Is not fixed yet, but I know what it is.
It happen when changing solver.
One of the new chage is that now we have a scen and solver as plug into to the world.
Before we only destroy the solver and crate a new one.
The scen is more complex because it is a complex web of entagled nodes that are used to manipulate all the objects.
So a new scene has to be recreated from the old one.
It uses a copy constructor for that, but I made a mistake some where. Is not a big deal, I will fix it later.
Anyway yest the gpu scen is now around 2.1 to 2.2 ms
In my machine.
The good part is that of that the gpu is around 0.1 ms.

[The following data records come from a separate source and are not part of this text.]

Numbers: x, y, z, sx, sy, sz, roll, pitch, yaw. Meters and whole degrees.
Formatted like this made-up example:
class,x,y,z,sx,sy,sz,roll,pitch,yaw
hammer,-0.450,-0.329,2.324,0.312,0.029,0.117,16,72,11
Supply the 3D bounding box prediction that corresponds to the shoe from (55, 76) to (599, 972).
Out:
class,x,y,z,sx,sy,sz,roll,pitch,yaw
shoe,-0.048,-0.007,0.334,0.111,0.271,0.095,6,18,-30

Running the three 7 kernels. And about .2 ms getting the data from the gpu. The is about 0.5 ms that seems to be a fix cost of the cuda drive for calling synchronization.
But it seem the is no way around that, not calling sync every update cause the drive to accumulate Kerner and memcopy until is has enough to saturate the gpu, the it issue all at once.
It seem the only way to force the driver to launch the kernels when using async streams is but calling syncronize.
That's is ok, I am satisfies with that, is running asyn and concurrent. And with the code that is still to come the synk cost will be nothing.
Another big surprised I also found is that in Cuda all memcopy are done by the cpu or at least by using the gpu memmove. Even asyn copy are like that. This is about one third of the theoretical bus speed.
But is you use what the call hist pinned memory.
That just a group of memory page that are looked but the of so that the do not change visual address. The copy used dma and reach that top speed.
So the mem copy when from 2.5 gbyte per second to 6.5 gb per secund. That's the big difference that you see now.
So now it will run faster or slower in different system depending on the kind of hardware.
Pci 2 or 3 run a different speed but only when using those dma hardware.
Anyway 1.5 ms fir 27k scene us not bad.
But we now have to convert all the scen and solver kerners.
There also a cool funtinality that I did not expected with streams.
I seem streams can be use for esterogeneus kerlnel launch.
Fir example, say we have a routine that calculate sphere sphere collision, one fir sphere box, and one fir box, box.
That would be three kernel launches, of a very comex kerne full of switches cases. But with streams all three routing can be run concurrently if the are map to a separate stream.
Anyway there is a lot to learn. But cuda offer lot of thing that are not possible with other languages like opencl.
I can see why cuda beat it consistently.